The technology here presented relates to field effect transistors (FETs), and more particularly to a FET having a fin-shaped conducting channel.
There are many industries which can benefit from high power density and high gain semiconductor transistors. For example, potential applications may include phased array, cell-phone, or base station power amplifier applications.
P-type diamond and p-type SiC are wide band-gap semiconductors that can be grown with sufficient conductivity for the gate conductor of a GaN or AlGaN-based field effect transistor. Prior research has shown that they can be used as a gate for a heterojunction field effect transistor. This research has identified benefits of a p-type diamond gate for GaN technology with a metal-insulator-semiconductor (MIS)-like AlGaN barrier.
Known devices with diamond gates, described above, are limited due to the difficulty of growing diamond on the respective materials with sufficiently low stress and low enough conductivity. Further, the stress is known to become larger as the lateral dimensions of the material are increased. In addition, the field from the gate material extends vertically from the gate into the semiconductor material. This geometry limits the thickness of the conducting layer structure to dimensions of approximately 20 nm and the sheet charge to approximately 1×1013 cm−2. The paper “Nanocrystalline Diamond-Gated AlGaN/GaN HEMT” IEEE Electron Device Letters, Vol. 34, No. 11, November 2013 describes benefits of p-type diamond gate on GaN technology; however, the technology described has less than a desirable high power density and gain.

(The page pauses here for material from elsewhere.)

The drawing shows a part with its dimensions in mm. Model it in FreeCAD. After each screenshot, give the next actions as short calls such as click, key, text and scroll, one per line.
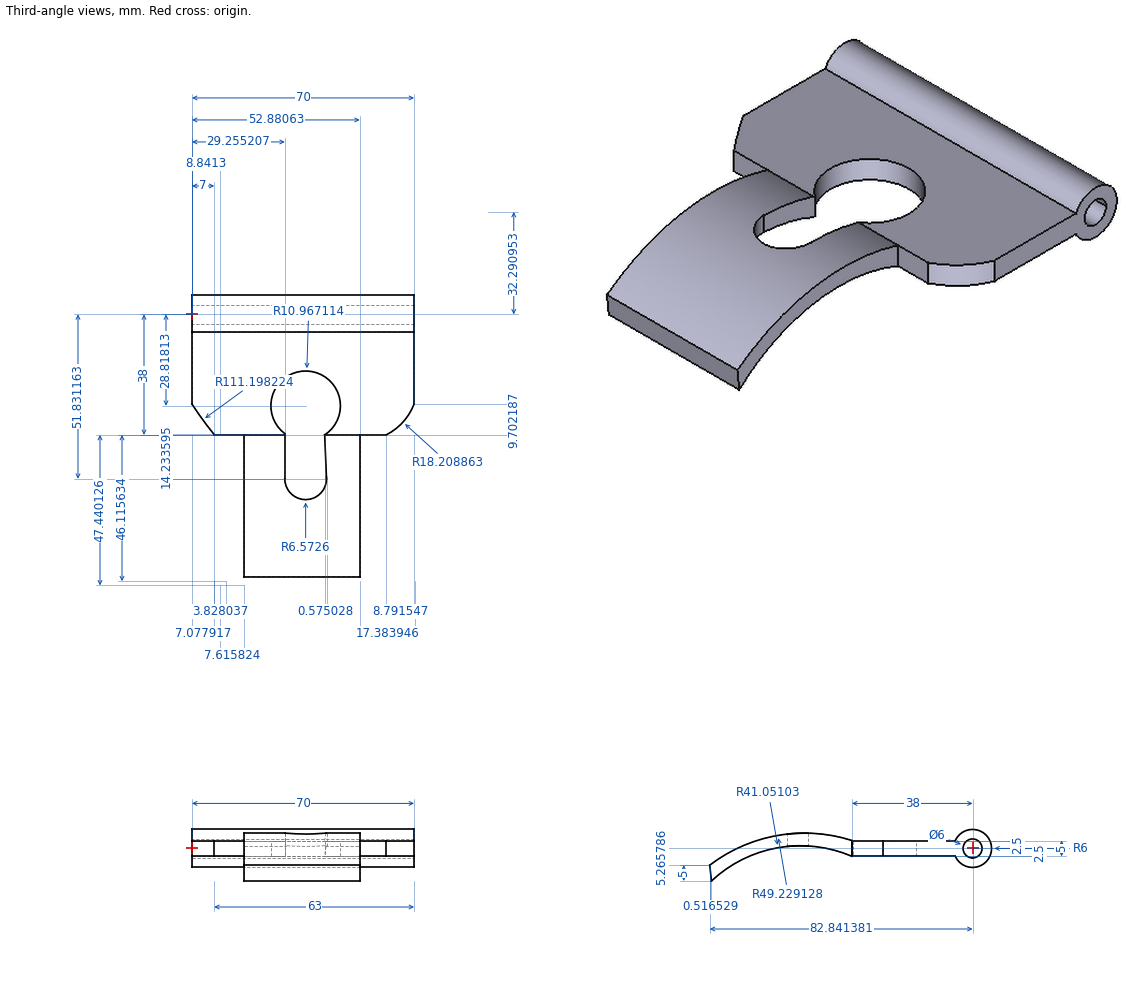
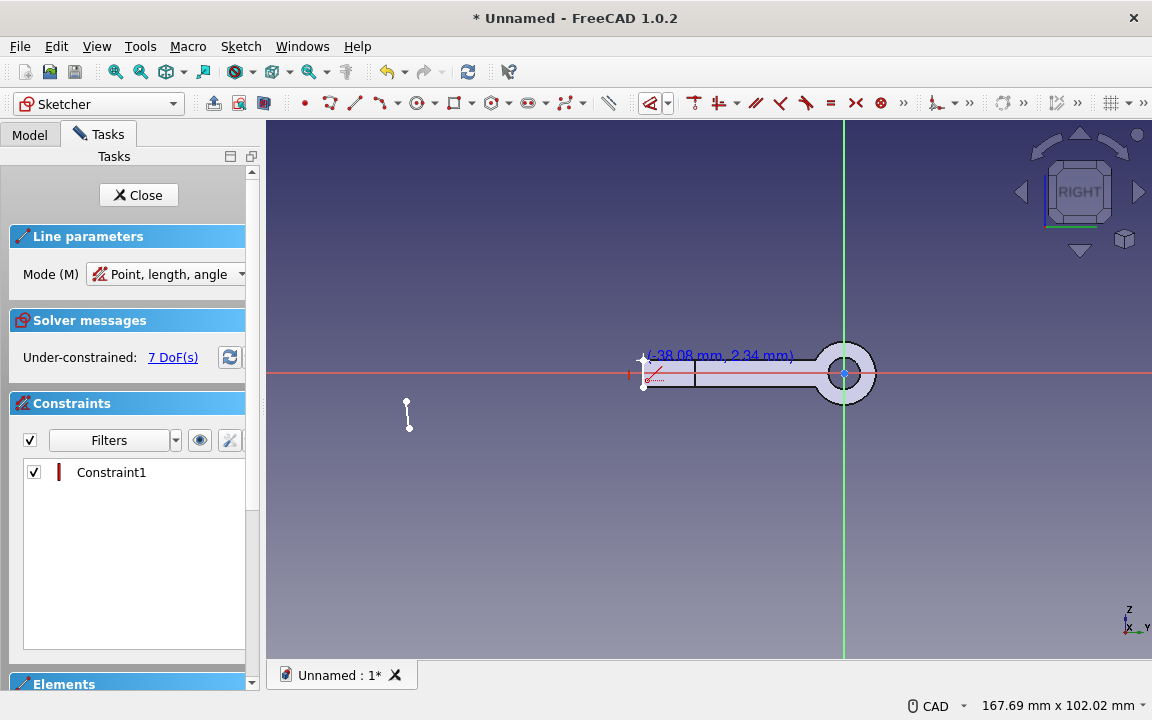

A structure which has a higher power density and gain, while reducing stress during fabrication, is desirable.
A FinFET version of a heterojunction field effect transistor (HFET) can be scaled to higher power density and gain than a conventional GaN-based HFET. A regrown FinFET structure according to various embodiments may have a higher power density and gain with reduced stress as compared to the existing art.
Various embodiments use a fully planar geometry for reduced access resistance and a higher forward gate bias due to the greater built-in potential as compared to devices according to the existing art. In some embodiments, the FinFET geometry uses multiple nm-scale diamond gate structures that are lower stress due to the reduced size. Due to the small size of p-type diamond gates, substantial lattice mismatch is tolerable. An additional advantage of the FinFET geometry can be the reduction in short channel effects at reduced channel length. This reduction is expected to provide greater output resistance than that obtained with the existing art for similar performance.
In some embodiments, a FinFET includes a substrate and an epitaxial stack formed atop the substrate. The epitaxial stack has a buffer layer formed atop the substrate, a channel layer of a wide band-gap material formed atop the buffer layer and a cap layer formed atop the channel layer. A plurality of recesses are formed through the cap layer and contacting the channel layer. The recesses may be arranged in a row across the epitaxial stack. A plurality of conducting wide band-gap material gate electrodes are grown in corresponding ones of the plurality of recesses. A conducting layer is fabricated atop the plurality of gate electrodes to form a gate contact. A source contact contacting the channel layer is applied on one side of the line formed by the plurality of gate electrodes and a drain contact contacting the channel layer is applied on the other side of the line formed by the plurality of gate electrodes.
A FinFET according to some embodiments enables lower access resistance, greater sheet charge and higher current gain than previously demonstrated GaN-based n-channel HFET devices. A diamond gate in a FinFET with this geometry offers a substantial benefit compared to other FinFET structures due to the improved thermal conductivity of diamond and larger built-in potential of the heterojunction over most alloy semiconductors. Such a FinFET structure is scalable to smaller geometries and has higher maximum available gain than the known structures described above.
More specifically, based on the known structures described above, the expected sheet charge is greater than 1×1014 cm−2 for a three layer structure for some embodiments, as compared to about 1×1013 cm−2 for a typical HEMT single layer device structure.
The geometry according to various embodiments permits high quality GaN transistors. The structure is relatively insensitive to the structural quality of the diamond gate material.
In one embodiment disclosed herein, a FET device comprises a substrate having top and bottom surfaces, a channel layer on the top surface of the substrate, the channel layer having top and bottom surfaces, at least two recesses extending into the channel layer from the top surface of the channel layer and forming a channel region between the at least two recesses, a gate electrode disposed in each of the at least two recesses, and a drain region and a source region formed in the channel layer on opposite sides of said channel region.
In another embodiment disclosed herein, a method of fabricating a FET device comprises forming a substrate having top and bottom surfaces, forming a channel layer on the top surface of the substrate, the channel layer having top and bottom surfaces, forming at least two recesses extending into the channel layer from the top surface of the channel layer, thus forming a channel region between the at least two recesses and forming a drain region and a source region in the channel layer on opposite sides of said channel region, and forming a gate electrode in each of the at least two recesses.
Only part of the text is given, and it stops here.